Friday, March 30, 2012

Locating Political Orientations

I’ve never found the “left-right” description of political orientations a particularly accurate way to describe actual perspectives and positions.  This spatial metaphor may have made some sense just after the French Revolution, when members of the National Assembly placed supporters of king and religion on the right of the assembly president and advocates of revolution on the left, but even then this linear distinction became a self-fulfilling prophecy by pushing the varied viewpoints into a predetermined dichotomy. This way of thinking about philosophies and allegiances results in groupings that may be accidentally linked at the present point in history, but that logically combine the incompatible. For  example, what do classical liberals, who believe in minimal government interference with individual interactions, have in common with classical advocates of state power, such as Joseph de Maistre, or with proponents of military nationalism, or even with moderate traditionalist classical conservatives, such as Edmund Burke? Why would Adolf Hitler and Benito Mussolini fall on the extreme “right” while Joseph Stalin and Mao Tse Tung fall on the other side when all four have so much in common?  The left-right image lies behind Corey Robin’s recent cartoonish characterization of the history of political thought as a struggle between supporters of status quo power and privilege and democratizing champions of liberation.
I suggest that a better way to think about political positions might be to conceive of them as falling within a triangle, depending on the degree to which the positions involve statism, traditionalism, and individualism.             
 As a formal political philosophy, individualism may be the most recent of these. We often think of individualism as appearing in the late eighteenth century in the works of John Locke and others. To various extents, individualistic thinking appears in the thinking of Thomas Jefferson, later anarcho-capitalists such as Benjamin Tucker, and classical liberals such as John Stuart Mill. As a political tendency, though, individualism is probably as old as human societies. Thomas Mayor, for example, has recently characterized hunters-gatherers, participants in the most ancient type of human order, as “the original libertarians,” and most anthropologists would agree that hunting and gathering societies display a high degree of individual voluntarism.  I’d define as individualism, then, emphasis on the control of individuals over their own lives and actions.
Traditionalism is an emphasis on social institutions passed down over time. The oldest and most fundamental of these institutions is the family, and traditionalist politics generally place family relations at their center. But other kinds of relationships based on immediate personal ties or religious affiliations may also constitute traditional institutions. Not surprisingly, these relationships are often conceived of as family-like relations.
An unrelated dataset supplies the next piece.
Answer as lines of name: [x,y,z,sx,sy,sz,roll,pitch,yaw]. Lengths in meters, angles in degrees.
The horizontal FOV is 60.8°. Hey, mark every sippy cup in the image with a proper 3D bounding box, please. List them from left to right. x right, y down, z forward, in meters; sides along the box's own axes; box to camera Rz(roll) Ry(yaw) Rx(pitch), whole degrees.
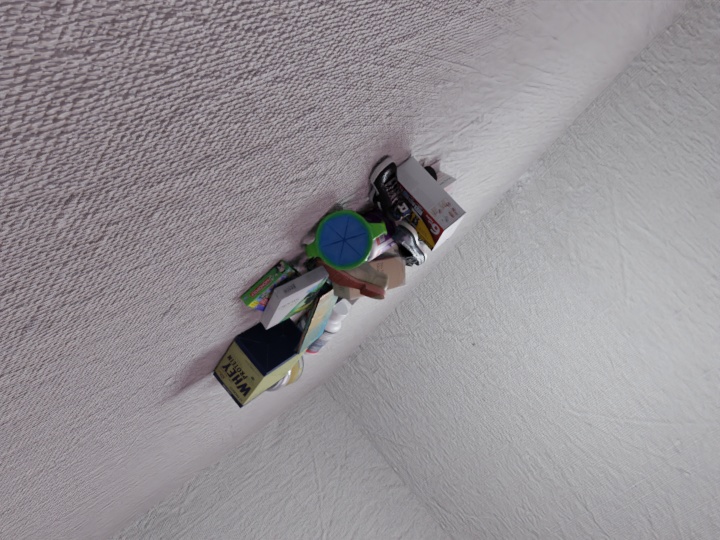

Statist orientations place formal governmental bodies in the position of deciding and directing the  lives of those in their control. While it might at first appear that statism is incompatible with the other two, or that the other two are mutually incompatible), in fact approaches to political life tend to combine the three to some extent. A divine right monarchy, for example, can be located somewhere in the upper part of the triangle, containing elements of statism and traditionalism and located between the two. The sociologist Robert Nisbet argued that the modern centralized state results from the disintegration of traditional social institutions, producing atomized individuals under a powerful government. So, we would probably place modern corporatist polities close to the statism-individualism line, with the more authoritarian corporatist states closer to the angle of statism. The welfare state, with its proliferation of government-guaranteed individual entitlements, would also be a form of statist-individualism, somewhere near this part of the triangle. Nisbet’s biographer Brad Lowell Stone has characterized Nisbet’s own political approach as an anti-statist libertarian communitarianism, stressing traditional social institutions and relationships.  This kind of political thought or a political commitment of this type would be located near the traditionalism-individualism line, probably somewhat closer to the traditionalism angle. 
These placements within the figure are, of course, impressionistic.  One could, though, come up with indexes of all three tendencies and place political theories, parties, movements, and actions inside this space based on three sets of scores.